Implement Automatic Mixed Precision with GradScaler to Address NaN Loss Issues #13

aiihn · 2024-08-26T04:00:16Z

Description

This pull request addresses the issue of NaN losses occurring during mixed-precision training with --fp16 enabled (#12).

Key Changes

Integrated torch.cuda.amp.GradScaler to dynamically adjust loss scaling.
Replaced the manual loss scaling approach. Note: GradScaler will override the loss_scale set manually by --ls.

Usage

Use --fp16=True along with --enable_gradscaler=True. For example, below is the mixed-training command modified from run_ecm_1hour.sh.

torchrun --nnodes=1 --nproc_per_node=1 --rdzv_backend=c10d --rdzv_endpoint=localhost:9901 ct_train.py  \
    --outdir=ct-runs --data=datasets/cifar10-32x32.zip  \
    --cond=0 --arch=ddpmpp --metrics=fid50k_full        \
    --transfer=https://nvlabs-fi-cdn.nvidia.com/edm/pretrained/edm-cifar10-32x32-uncond-vp.pkl    \
    --duration=25.6 --tick=12.8 --double=250 --batch=128 --lr=0.0001 --optim=RAdam --dropout=0.2 --augment=0.0 \
    -q 256 --double 10000 --ema_beta 0.9993 --eval_every 80 --dump 80     \
    --desc bs128.200k \
    --fp16=True --enable_gradscaler=True

The FID records obtained using the above command are shown in the following images:

…ling

Gsunshine

Merge AMP via Gradscalar into ECT.

Gsunshine · 2024-08-27T07:25:09Z

ct_train.py

 @click.option('--fp16',          help='Enable mixed-precision training', metavar='BOOL',            type=bool, default=False, show_default=True)
 @click.option('--tf32',          help='Enable tf32 for A100/H100 training speed', metavar='BOOL',   type=bool, default=False, show_default=True)
 @click.option('--ls',            help='Loss scaling', metavar='FLOAT',                              type=click.FloatRange(min=0, min_open=True), default=1, show_default=True)
+@click.option('--enable_gradscaler', help='Enable torch.cuda.amp.GradScaler, NOTE overwritting loss_scale set by --ls', metavar='BOOL', type=bool, default=False, show_default=True)


Hi Zixiang @aiihn ,

Thanks for your neat PR!

Would it be better to use a short abbreviation like amp as the option name? AMP already stands for Automatic Mixed Precision.

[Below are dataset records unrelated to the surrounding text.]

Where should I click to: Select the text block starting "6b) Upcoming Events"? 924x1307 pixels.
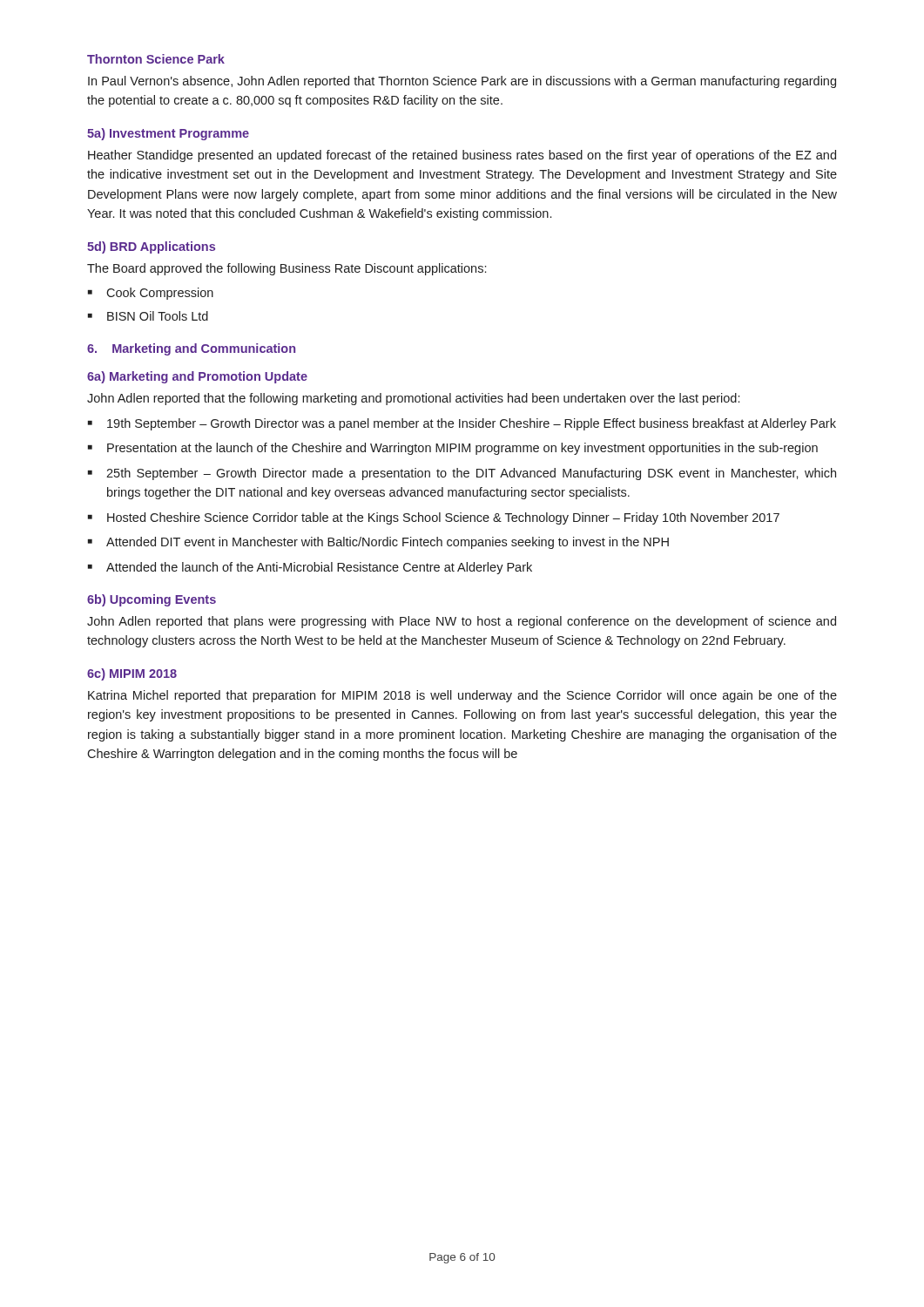click(x=152, y=599)
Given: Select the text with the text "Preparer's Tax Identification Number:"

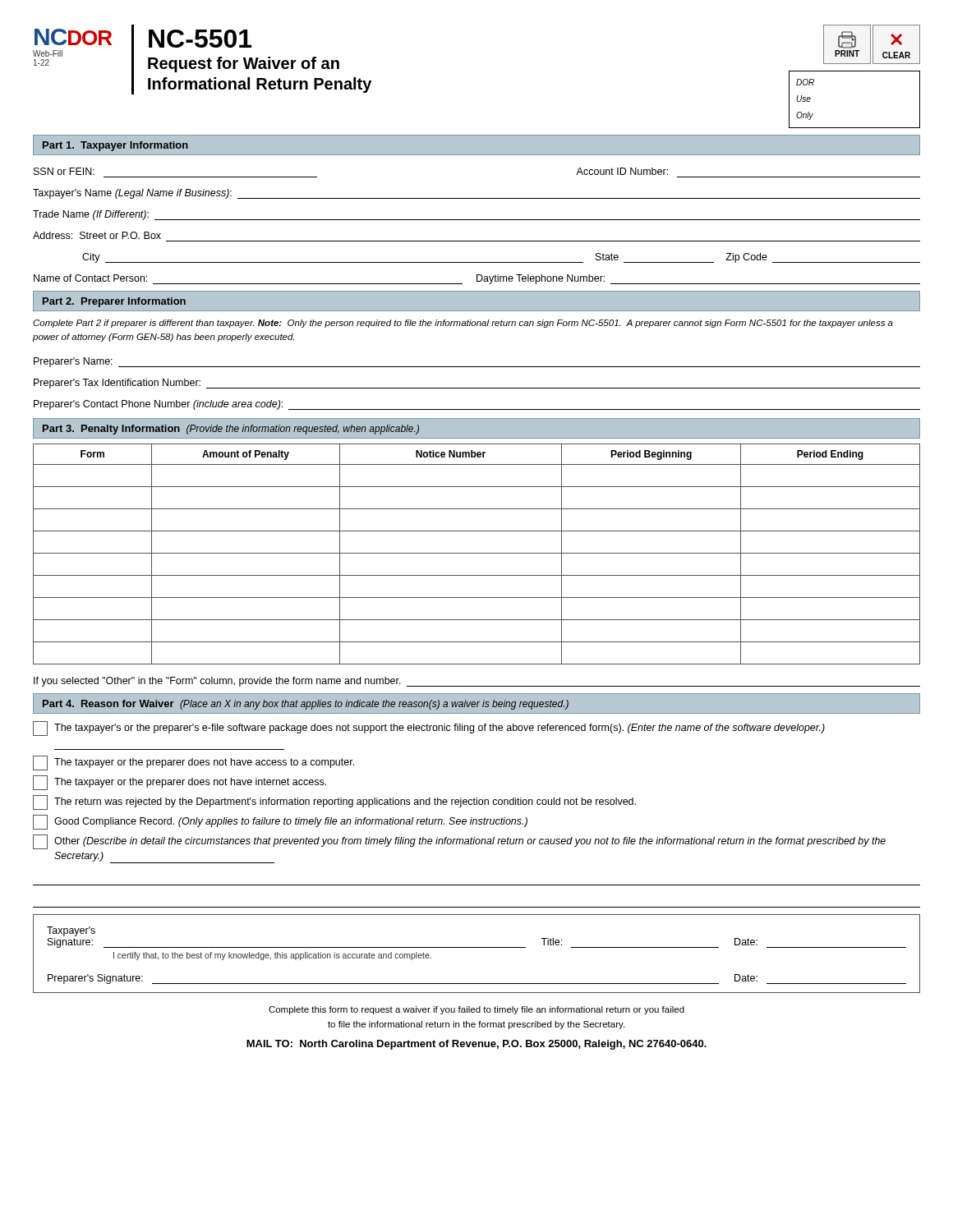Looking at the screenshot, I should pyautogui.click(x=476, y=380).
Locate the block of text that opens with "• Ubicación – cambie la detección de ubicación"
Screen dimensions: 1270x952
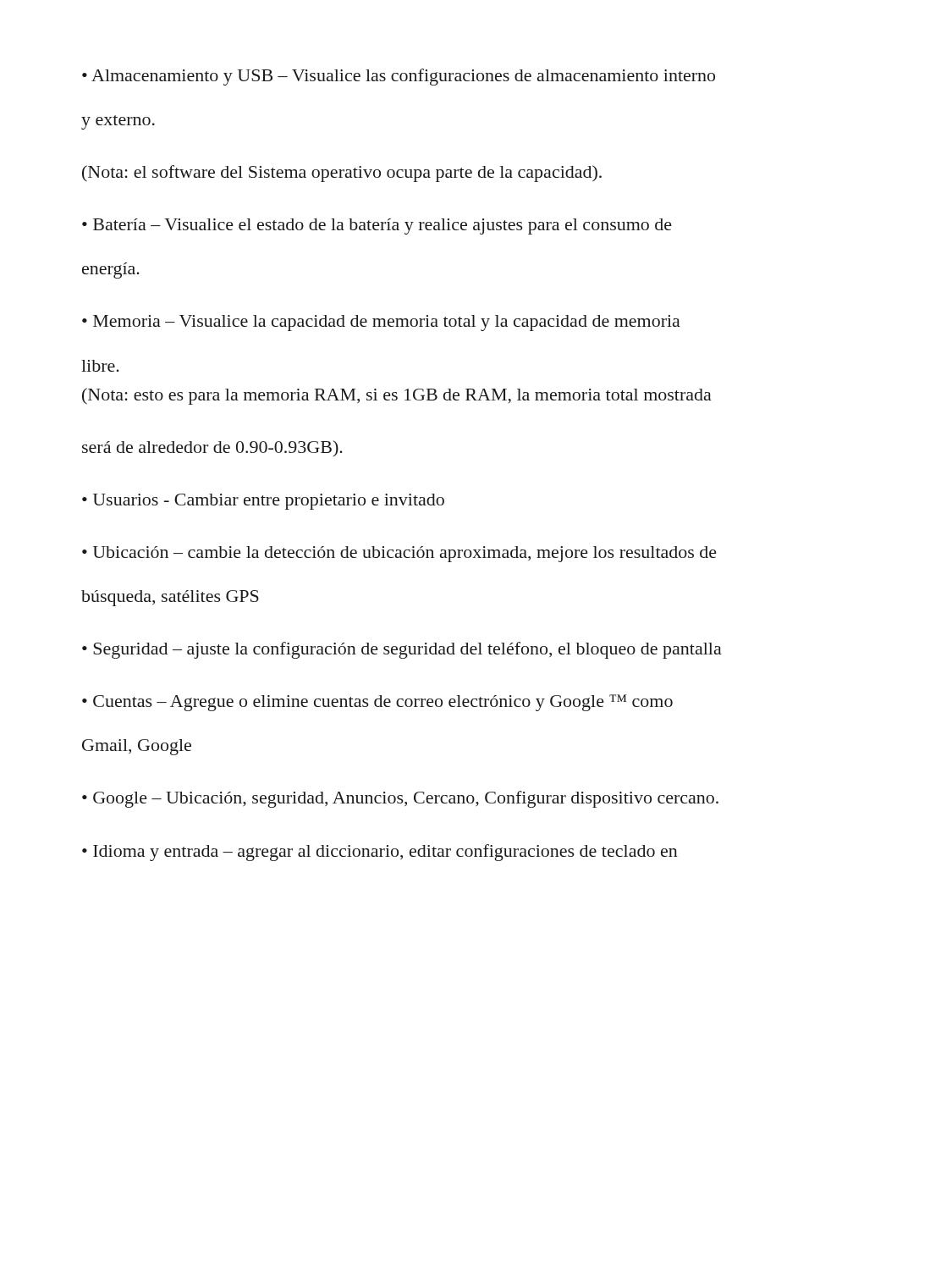(x=399, y=554)
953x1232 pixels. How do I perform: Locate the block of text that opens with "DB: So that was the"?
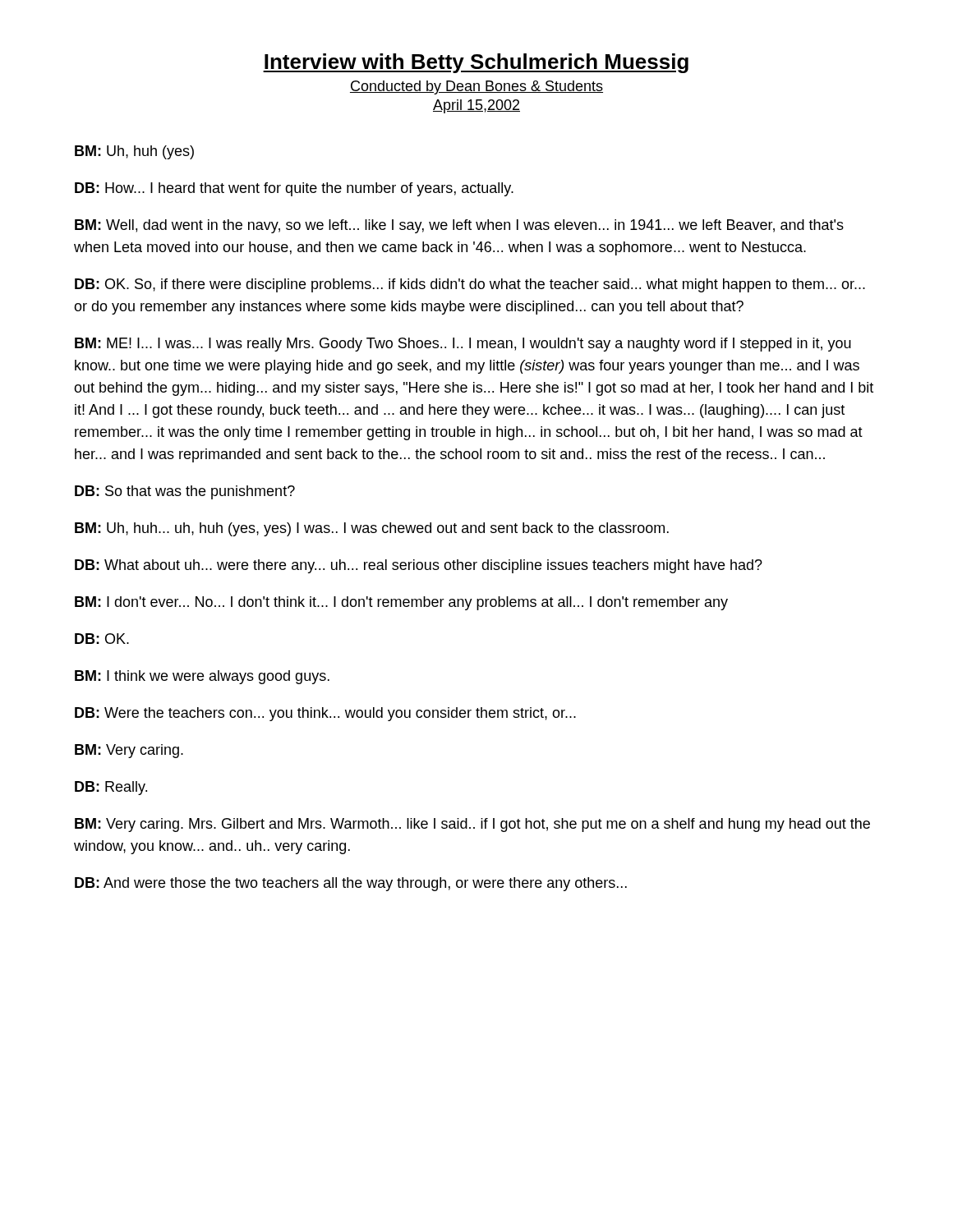click(185, 491)
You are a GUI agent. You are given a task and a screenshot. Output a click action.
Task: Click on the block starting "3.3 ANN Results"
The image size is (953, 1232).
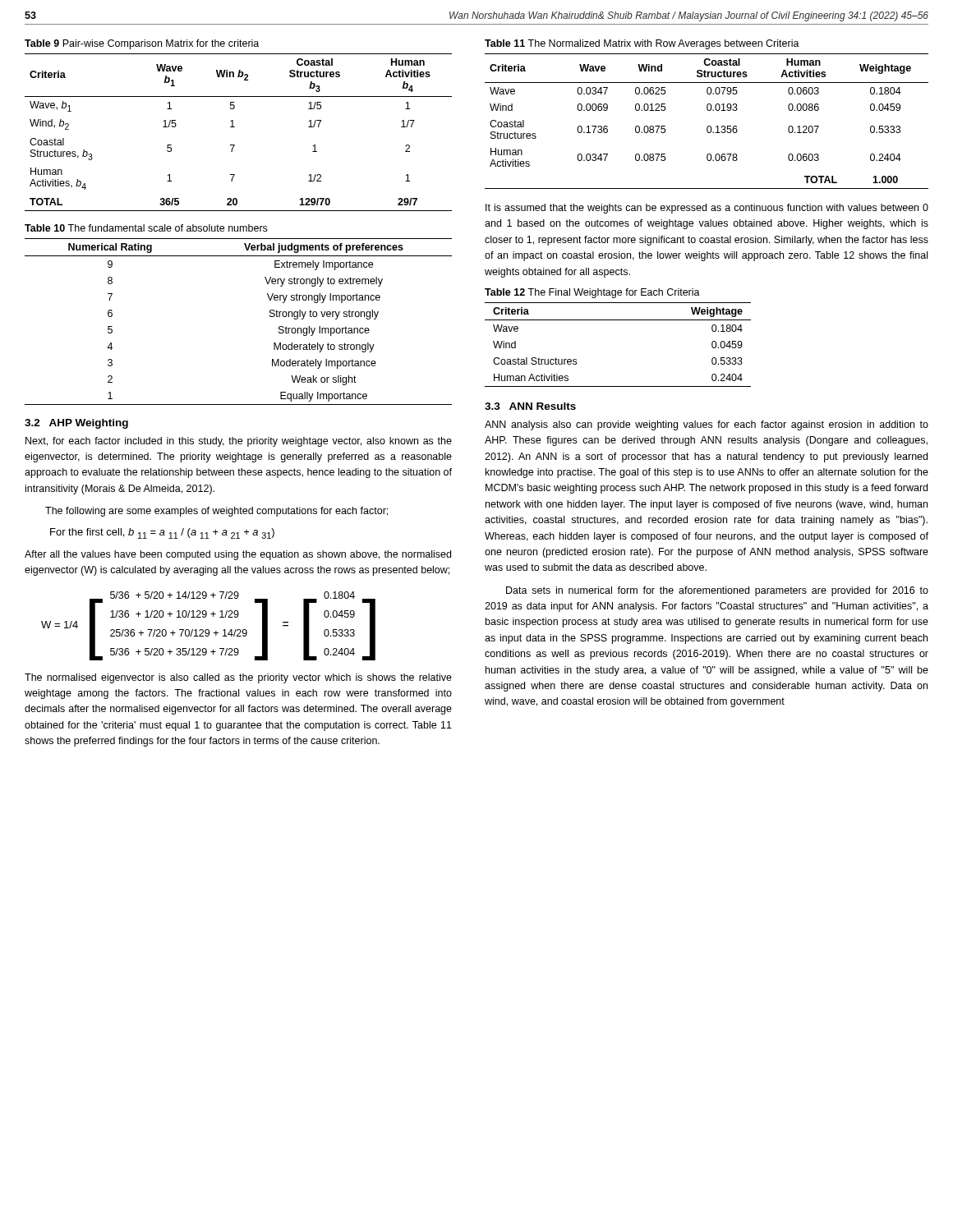click(530, 406)
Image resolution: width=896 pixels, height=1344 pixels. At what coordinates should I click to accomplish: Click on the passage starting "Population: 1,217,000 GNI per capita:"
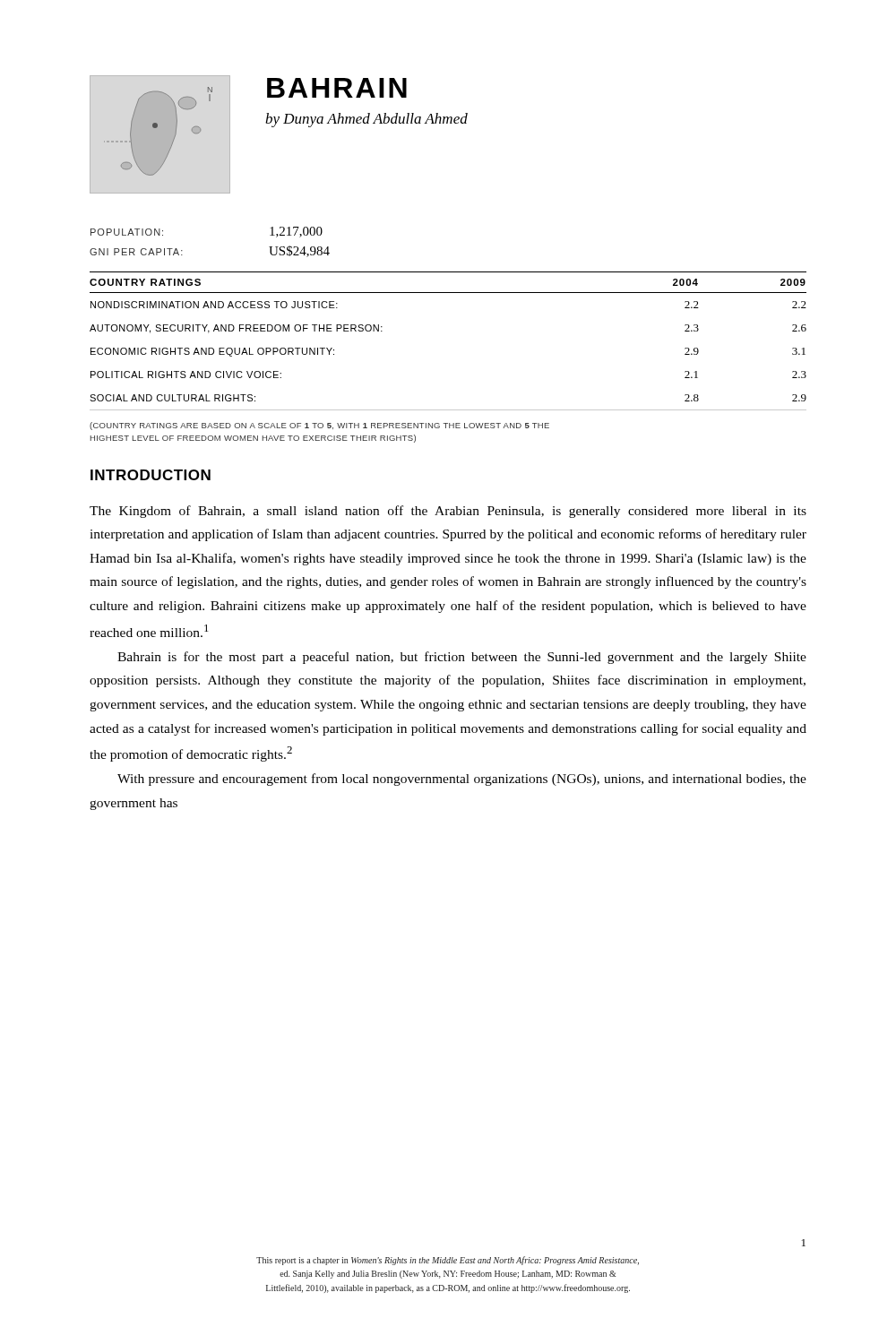[122, 232]
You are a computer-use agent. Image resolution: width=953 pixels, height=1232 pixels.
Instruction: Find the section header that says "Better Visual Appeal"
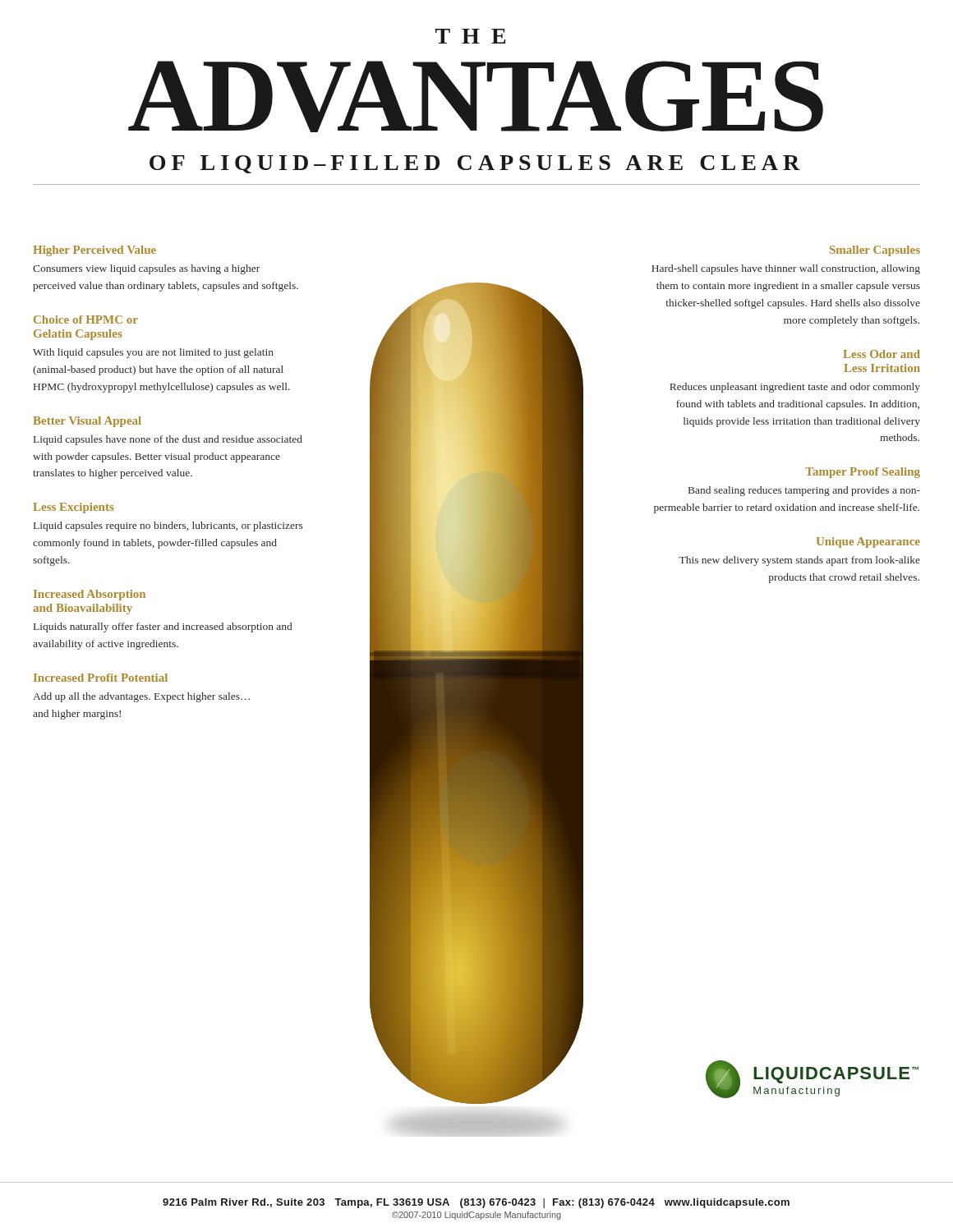pyautogui.click(x=87, y=422)
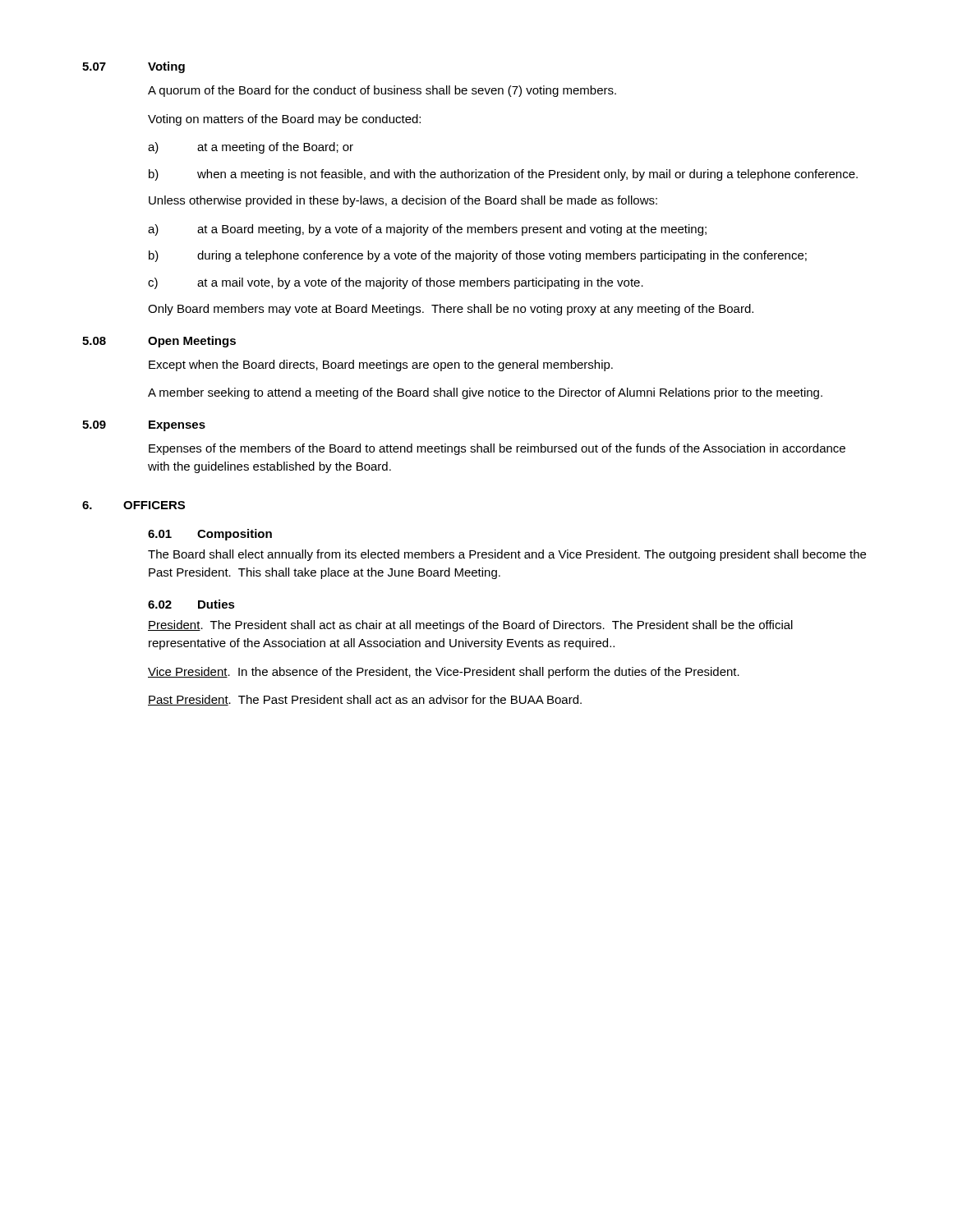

Gsunshine · 2024-08-27T07:28:05Z

training/ct_training_loop.py

+        if enable_gradscaler:
+            if 'gradscaler_state' in data:
+                dist.print0(f'Loading GradScaler state from "{resume_state_dump}"...')
+                # Although not loading the state_dict of the GradScaler works well, loading it can improve reproducibility.


Gotcha. Thanks for the comments!

Gsunshine · 2024-08-27T07:36:40Z

training/ct_training_loop.py

+            scaler.step(optimizer)
+            scaler.update()
+        else:
+            # Update weights.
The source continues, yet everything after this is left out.